Golden mean case: This is one of the most well understood cases. There is a complete understanding of the topology of the Julia set of $f_t$ (Petersen). Even more surprising, there is also a remarkable rigidity, self-similarity, and universality phenomenon (McMullen).
All irrationals: I will talk about the most recent development that covers all irrationals $t$. The most recent breakthrough was by Dima Dudko and Misha Lyubich on uniform bounds for renormalization. I will talk about various consequences of these bounds on the properties of the full attractor (Mother Hedgehog) of $f_t$ and a generalization of dynamical universality. This last part is based on a joint project by me, Dima, and Misha.
Alex Rutar
Title: Multi-scale properties of continued fraction sets
Classical examples of fractal subsets of the real line are “missing digit” sets. Missing digit sets in a fixed base are very well-behaved.

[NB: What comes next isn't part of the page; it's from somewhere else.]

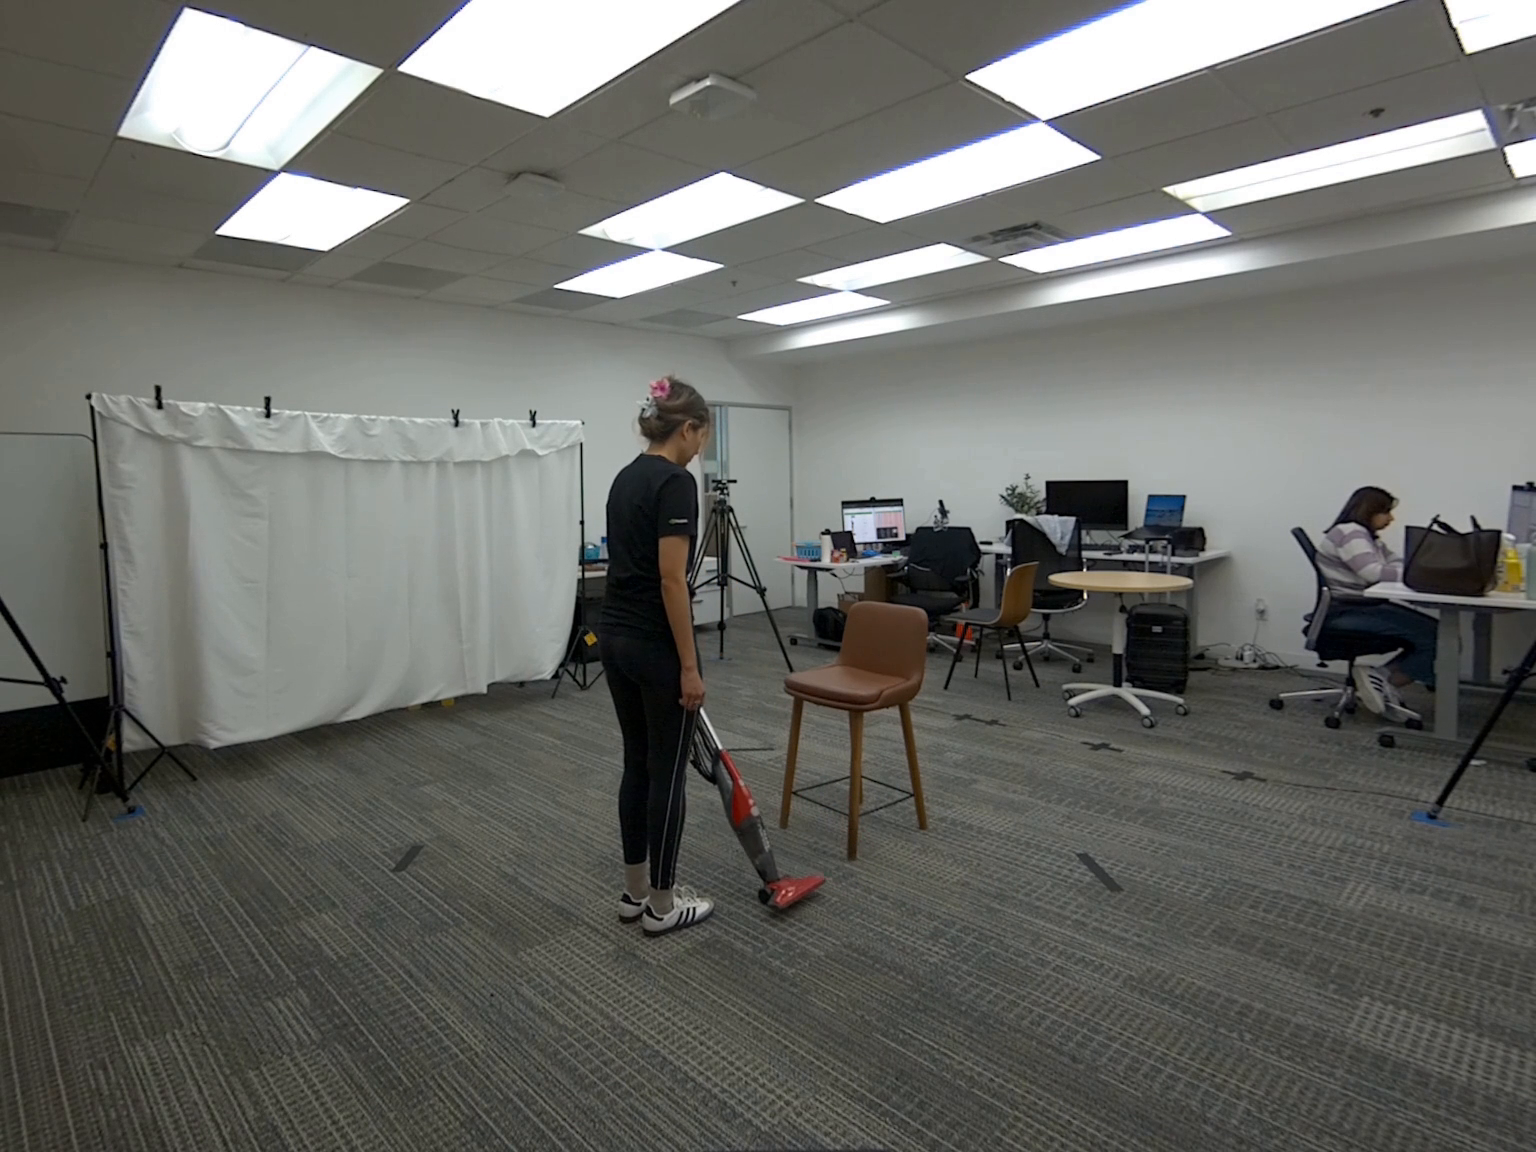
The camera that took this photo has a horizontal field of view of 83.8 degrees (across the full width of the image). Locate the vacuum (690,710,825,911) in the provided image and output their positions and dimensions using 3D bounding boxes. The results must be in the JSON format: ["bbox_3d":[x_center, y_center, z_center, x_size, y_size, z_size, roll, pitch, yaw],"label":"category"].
[{"bbox_3d":[-0.188,0.632,3.026,0.246,1.079,0.144,-5,-35,-47],"label":"vacuum"}]

But what about sets of numbers with continued fraction expansion that avoid certain digits? We will see that these sets are much more poorly behaved than their fixed base counterparts: for example, their box dimension need not exist. A key tool to understand this phenomenon is a certain 1-Lipschitz function called the branching function which one can associate with general subsets of the real line. This function is ubiquitous in (continuous) incidence geometry but its appearance in the context of dynamically invariant sets is quite surprising.
Slade Sanderson
Title: Inducing contractions of continued fractions
In 1855, Seidel introduced an arithmetic procedure, called contraction, which—under mild assumptions—allows one to produce from a given generalised continued fraction (GCF) a new GCF whose convergents are any prescribed subsequence of the original GCF-convergents. Nearly ninety years later, in 1943, Kakutani introduced induced transformations, which accelerate a given dynamical system by only observing the dynamics within a subregion of the domain. In 1989, Shunji Ito gave an explicit natural extension of what has been called ‘the mother of all continued fractions’—the Farey tent map—which generates ‘slow’ GCF-expansions whose convergents consist of all regular continued fraction (RCF) convergents and so-called mediant RCF-convergents. In this mini-course, we introduce each of these tools and show how, together, they yield a broad, unifying theory for various continued fraction expansions (including RCFs, Nakada's $\alpha$-continued fractions, and Kraaikamp's $S$-expansions) and their metrical properties.
Nikita Shulga
Title: Folding and symmetry in continued fractions
This mini-course is devoted to a set of symmetry-based tricks in a theory of continued fractions that proven themselves to be useful over the years, with the main one being the so-called “Folding lemma”. Applications to be discussed include constructing numbers with given irrationality exponent lying in a Cantor set in both real and complex settings, getting diophantine properties of fixed points of Minkowski question mark function, obtaining non-trivial bounds in Zaremba’s conjecture, and even a continued fraction-based proof of Fermat’s theorem on sums of two squares.